Availability: How Many 9s Are Enough?

By: Bob Landstrom

In today’s always-on world, it’s ironic that the most vital element powering the digital economy – data centres – are invisible. Business and individuals are so accustomed to seamless, 3G and 4G communication that they forget they’re being powered by bottom-of-the-stack technologies.

Unfortunately, it’s only when interruptions occur that the population understands how valuable data centres are to the digital supply chain. Recent international headlines announcing major networking outages, such as the United Airlines’ flight cancellations and the Singapore Exchange failure, provide a powerful lesson in how downtime translates into lost revenue.

The question then remains, how do businesses and their IT prevent downtime and, therefore, avoid jeopardising corporate reputation? Understanding the term “availability” in the context of the number of “nines” as they both relate to data centres will provide clarity to business choosing the best ways to stay up and running.

Availability vs. Reliability

First, it’s important to understand the distinction between “availability” and its better-understood counterpart, “reliability.” Availability is a conditional probability that the system delivers the required service at the time it’s called upon to do so. Availability considers that when the system fails, it can be repaired and restored for service. That is, it includes the Mean Time to Repair (“MTTR,”) which is a critical aspect of availability and an important performance metric to consider when negotiating a service-level agreement (“SLA”) with a service prover. Availability is often expressed in terms of some number of nines. “Three 9’s,” for example, is the same as saying “99.9 percent availability.”

Availability is different from “reliability,” which is simply the probability of the system performing its function for a given period of time, under certain conditions. Reliability is often expressed in terms of Mean Time between Failure (“MTBF”) or Failure Rate. Unlike availability, reliability is not a conditional probability, and does not include maintenance or repair.

How Many 9s Are Enough?

Figure 1 below demonstrates the amount of time annually that a system is down (or unavailable,) given the number of nines availability that system has. This shows that that even a five-9s system has, on average, over five minutes of downtime annually.

% Availability Amount of time unavailable annually
99 88 Hours
99.9 8.8 Hours
99.99 53 Minutes
99.999 5.3 Minutes
99.9999 32 Seconds

 Figure 1

Settling for anything less than 5-nines availability could be the difference between revenue gains or loss. For businesses to maintain continuity, they must strive for service that is as close to 100 percent available as possible.

Availability in Real Life
The importance of availability in the data centre can best be understood when compared to real-life use cases. The following calculations all pertain to a three 9’s (99.9 percent) availability value:

  • 44 minutes of unsafe drinking water per month
  • 3 crash-landings per week at Heathrow
  • 3,000 letters lost by the Postal Service every hour
  • 2,000 surgical mistakes in the NHS every week
  • 9,000 incorrect banking debits per hour
  • 36,000 missed heartbeats per year (9 hours)

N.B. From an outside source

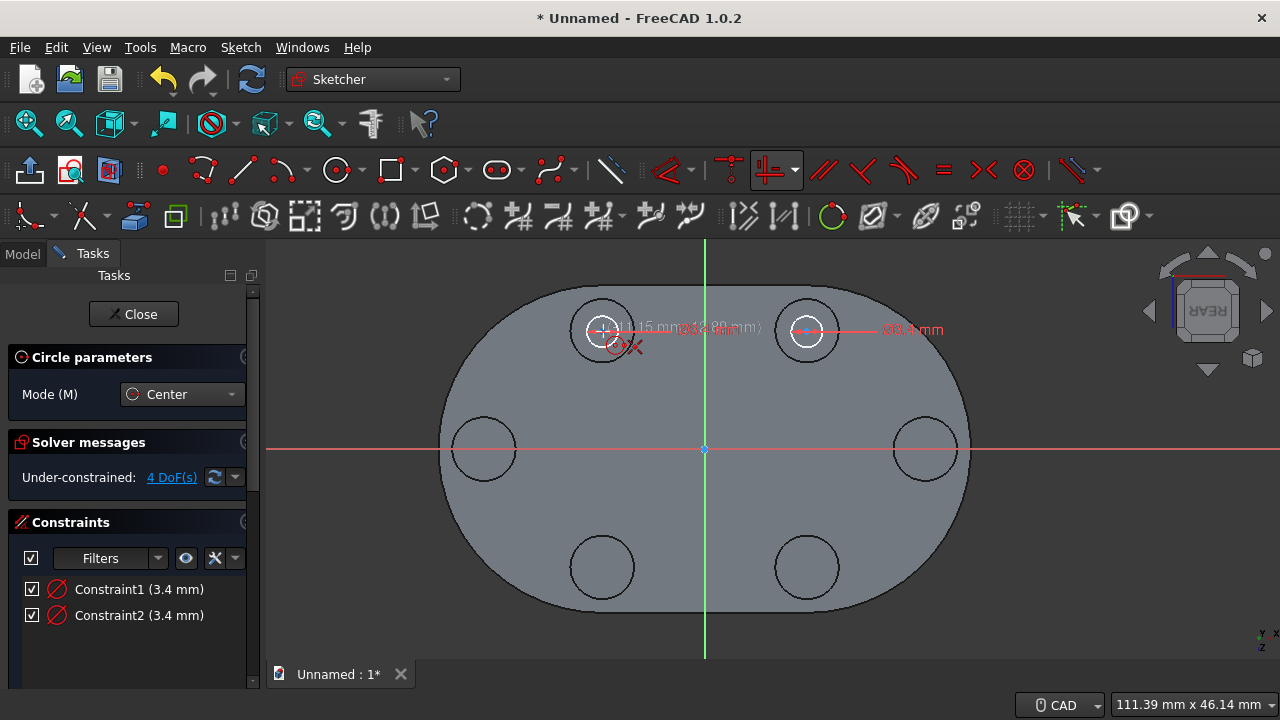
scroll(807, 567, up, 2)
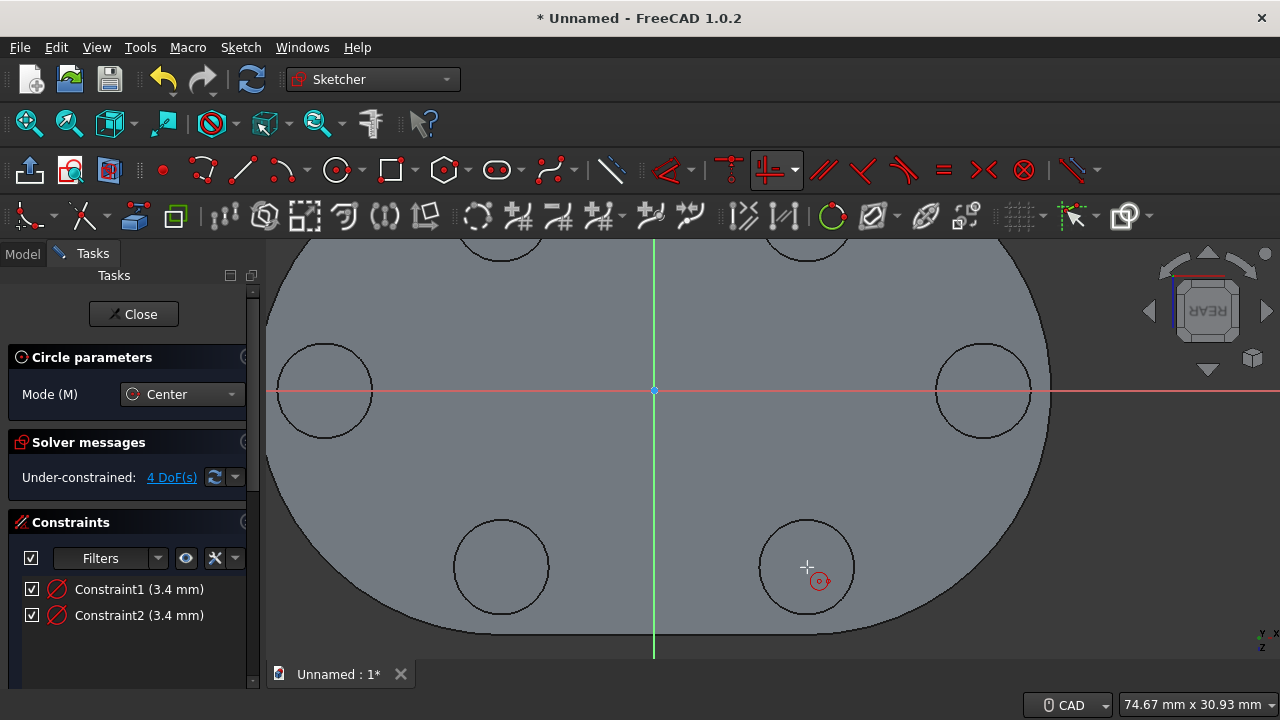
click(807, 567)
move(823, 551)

Like data centre operations, each preceding scenario has an exceedingly slim margin for error. Given the prevalence of real-world downtime within three 9’s availability, it’s evident that this performance rate is unacceptable.

Choosing Superior Availability

Modern computing demands make data centre availability as important today as ever. As businesses continue to shift toward hybrid IT environments, business-critical processes increasingly rely on applications from the cloud. Cloud services must be delivered from data centres offering five-9s availability and a proven track record over time.

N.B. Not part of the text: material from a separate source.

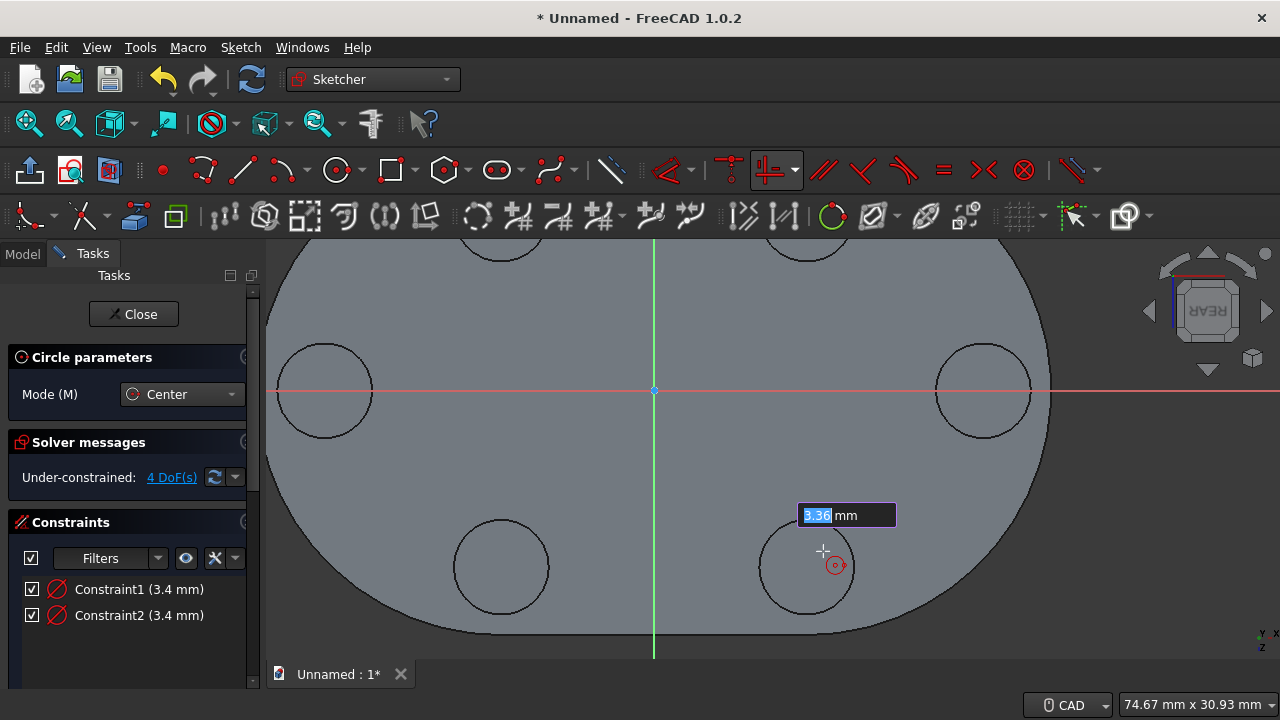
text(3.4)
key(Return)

It’s important to remember that availability depends on various characteristics of the data centre, such as design and operation, connectivity options, proximity to business and consumer centres, and scalability of power and space. Therefore, when selecting a data centre partner, business should consider multiple factors – a well-trained data centre operations team, mature Method of Procedures (“MOPs”) and Standard Operating Procedures (“SOPs”), disciplined security processes, superior engineering – that all combine to ensure superior availability performance.

Hypothetical tier ratings are interesting, but a demonstrated track record of strong availability performance, along with evidence of mature and disciplined data centre operations is important for minimising risk to a business.